Property	Type	Default	Description
`WorkspaceName`	`string`	`"default"`	AI workspace for extraction
`ReviewThreshold`	`double`	`0.7`	Below this confidence → `NeedsReview` status
`TimeoutSeconds`	`int`	`30`	Extraction timeout (OCR + LLM)

`QueryEngineAIOptions` (section: `QueryEngine:AI`)

Property	Type	Default	Description
`WorkspaceName`	`string`	`"default"`	AI workspace for NLQ translation
`TimeoutSeconds`	`int`	`5`	NLQ should be fast — short timeout

`VectorDataOptions` (section: `AI:VectorData`)

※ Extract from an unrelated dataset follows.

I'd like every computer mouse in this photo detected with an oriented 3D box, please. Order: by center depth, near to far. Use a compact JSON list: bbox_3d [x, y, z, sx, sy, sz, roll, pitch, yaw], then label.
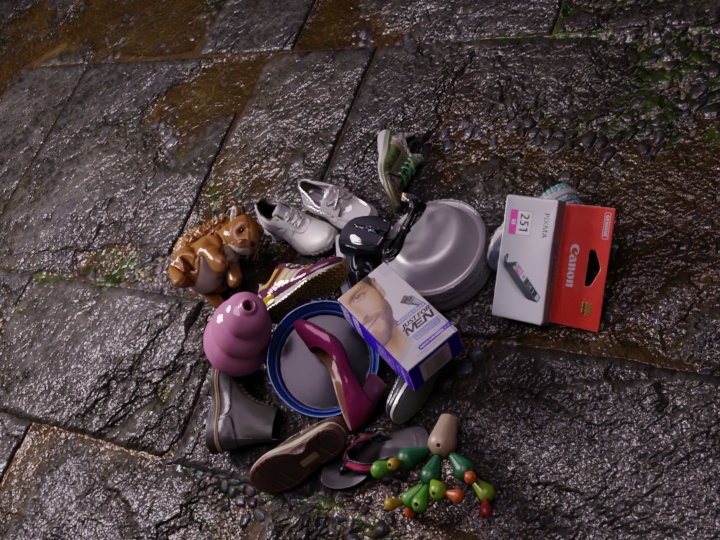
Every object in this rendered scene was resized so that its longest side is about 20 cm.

Property	Type	Default	Description
`EmbeddingWorkspace`	`string`	`"default"`	Workspace for embedding generation
`DefaultSearchLimit`	`int`	`10`	Default number of results

Compliance

Data minimization — workspaces control what reaches the LLM via system prompts; no business data is sent without an explicit IncludePreviewRows opt-in.
Right to erasure — workspace and usage records support soft delete; vector embeddings are deletable per tenant.
Data residency — Azure OpenAI supports EU-only deployments; Ollama keeps every byte on-premise.
PII protection — usage records store identifiers (tenant, user, workspace), never conversation content.

ISO 27001

Audit trail — every AI interaction is recorded with tenant, user, workspace, model, tokens, and timestamp.
Immutable records — AIUsageRecord is CreationAuditedEntity; no update/delete surface.
Audited mutations — workspace changes write AuditedEntity (CreatedAt/By, ModifiedAt/By).

Database schema

When Granit.AI.EntityFrameworkCore is registered, two tables ship:

Table	Entity	Purpose
`ai_workspaces`	`AIWorkspaceEntity`	Dynamic workspace configurations (soft-deletable, audited)
`ai_usage_records`	`AIUsageRecordEntity`	Token consumption and cost tracking (immutable)

Key indexes:

uq_ai_workspaces_tenant_name — unique workspace name per tenant (enforces the 409 Conflict on create at the DB level, not just at the manager level)
ix_ai_usage_records_tenant_workspace_date — billing queries by workspace and period
ix_ai_usage_records_tenant_provider_model — cost aggregation by provider/model

PromptBuilder — defense against prompt injection

All AI integration modules use PromptBuilder to separate system instructions from user-controlled data. This mitigates OWASP LLM01 (Prompt Injection) by wrapping user input in structured <data> delimiters with sanitization:

var pb = new PromptBuilder(maxInputLength: 50_000);

// Developer-controlled instructions (not sanitized)
pb.AppendInstruction("Analyze the following text for PII.");
pb.AppendInstruction("Return ONLY valid JSON.");

// User-controlled data (sanitized + truncated + delimited)
pb.AppendUserData("User ID", userId);
pb.AppendUserTextBlock("Document", documentText);

string prompt = pb.Build();

Output:

Analyze the following text for PII.
Return ONLY valid JSON.
User ID: <data>user-123</data>
Document
<data>
The actual document text goes here, sanitized...
</data>

Available methods

Method	Use for
`AppendInstruction(text)`	System instructions (developer-controlled, not sanitized)
`AppendUserData(label, value)`	Short user values wrapped in `<data>`
`AppendUserTextBlock(label, text)`	Long text blocks wrapped in `<data>`
`AppendUserDataJson(label, value)`	JSON-encoded values (prevents structural breakout)
`AppendUserDataMap(label, pairs)`	Key-value maps in a `<data>` block

Protections

Delimiter isolation — user data in <data> blocks, instructions outside.
Control-character stripping — Unicode control characters, zero-width chars, and bidirectional overrides are stripped to defeat obfuscation-based injection.
Tag neutralization — XML/HTML-like tags in user input are stripped to prevent delimiter spoofing (<data>, <system>, <tool>, …).
Length truncation — configurable maxInputLength prevents denial-of-wallet.